There is absolutely no cryptographic means of preventing a Snapchat user from saving a Snapchat image he/she receives. No matter what measures they put in place, they will all effectively be security by obscurity. If the image is in RAM long enough for a human to see it, then it can be copied elsewhere.
The fact that their current encryption procedure is half-assed is because they know it'll be security by obscurity no matter what they do, so why even waste time?. It doesn't make a real difference either way. They just want to prevent the absolute simplest attacks. They could have XOR'd all images with a 1-byte key and it would be equivalent, and still would suffice the business need.
Enlightens on then on how you would solve the issue. You have a program, and the program is storing data and the "attacker" (here really the user himself) wants to bypass the policies enforced by the application. The attacker has access to both the binary of the app and the data.
What would you encrypt the data with that the user himself cannot also access? Without a secure encryption hardware module, there's little you can do except add additional layers of obscurity.
You could encrypt all the data with a key derived off the user's password, and require the user to re-enter the key if the app stops. That too could be broken.
You could store the images in some odd obfuscated format that only the app can understand.
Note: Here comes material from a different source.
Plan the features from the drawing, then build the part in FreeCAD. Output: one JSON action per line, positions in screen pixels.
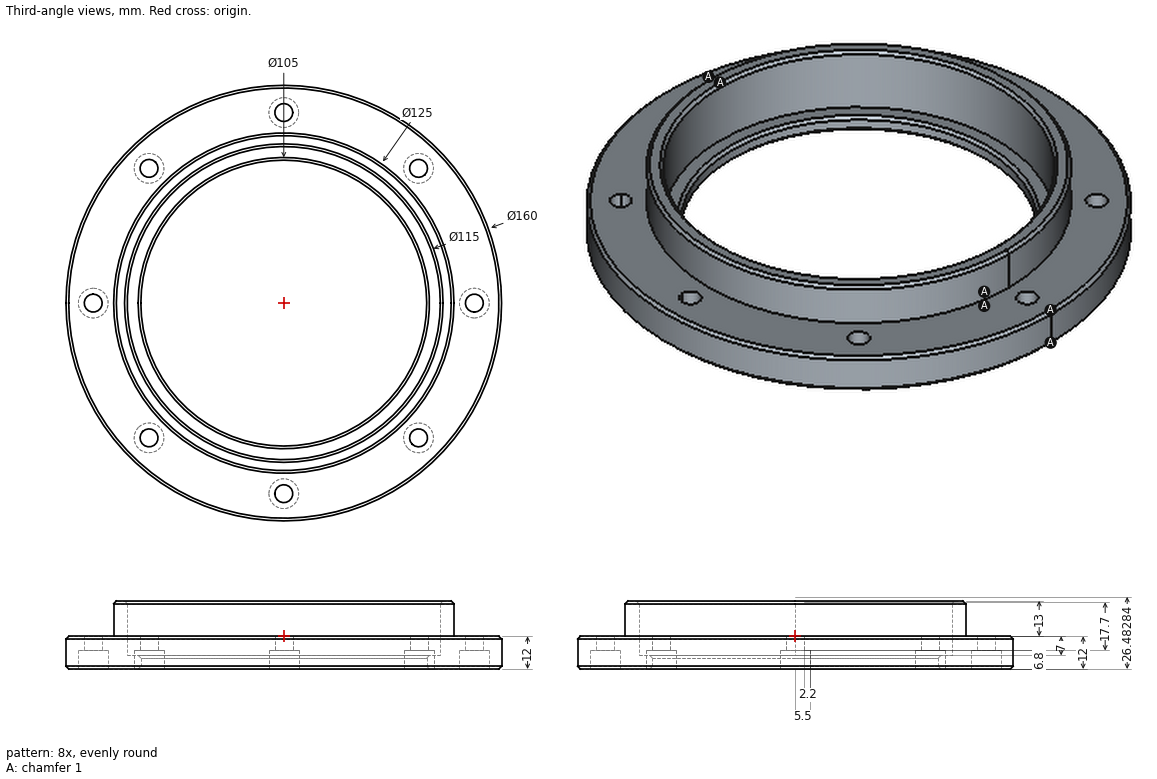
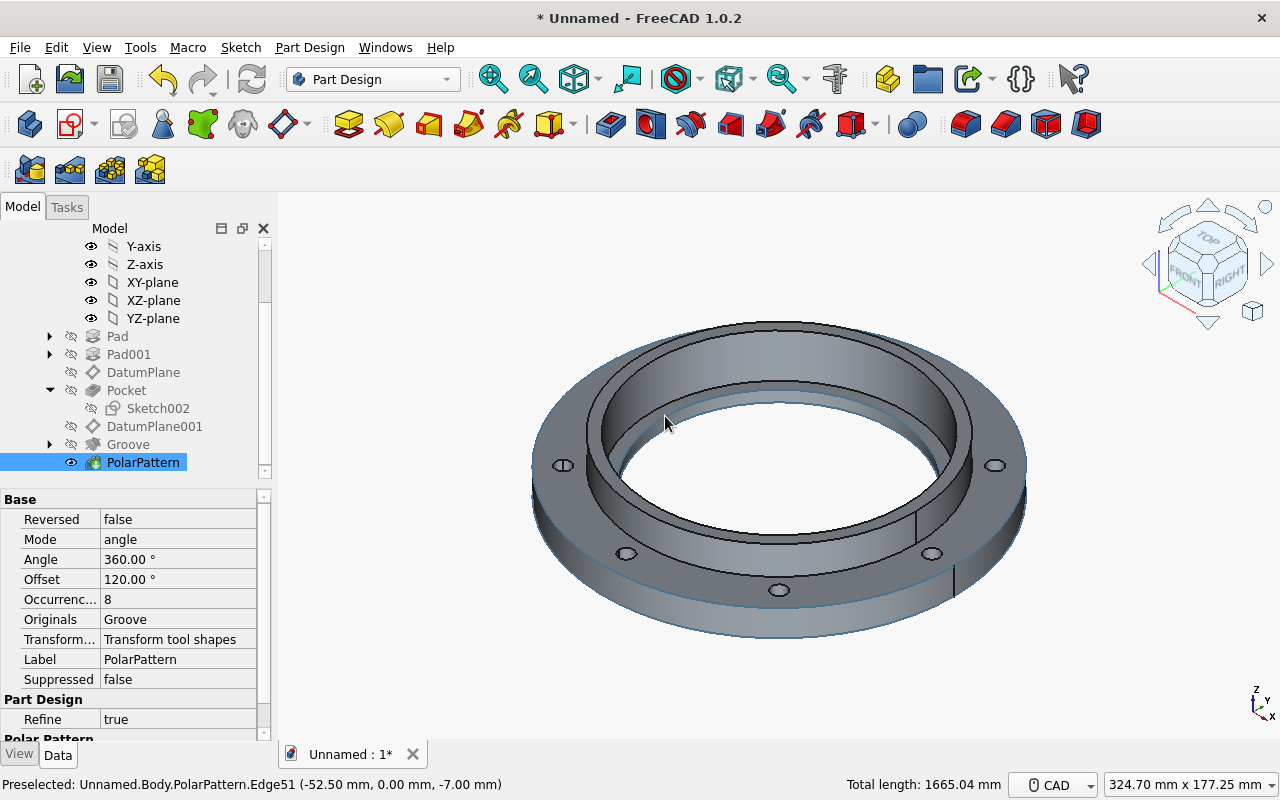
{"action": "left_click", "coordinate": [607, 482], "text": "ctrl"}

That too could be broken after some time.
You could never store any images on disk at all and fetch them only when requested. Then you have the third-party services imitating the app.
Lemme get this straight.. The password is hardcoded into Java code, so by decompiling it you can get that pw and break it? So essentially simple decompilation was all that was needed? That's weak.
What would have been some better alternatives to keep the encrypted files safe on the phone? Couldn't they have it call the server for a dynamic (safe) key?
I cannot understand people who confide their privacy to companies like Apple and Snapchat. Of course their photos will be 'leaked'. It's just a matter of time.
Not really. Most people couldn't care less about the 10 second thing. They use Snapchat just as a means of sending a quick photo. It's just more fun than texting. I know very few people who actually care about the privacy aspect of it.
It is technologically impossible to prevent Snapchat users from saving or copying images they receive from other Snapchat users. Replace "Snapchat" with any other app here and the same principle applies.
Their proposition is not that this is impossible, but rather that it is not easy for a typical end user to see past images. This enables a form of ephemeral communication; it was never intended as a security feature, simply a communication feature.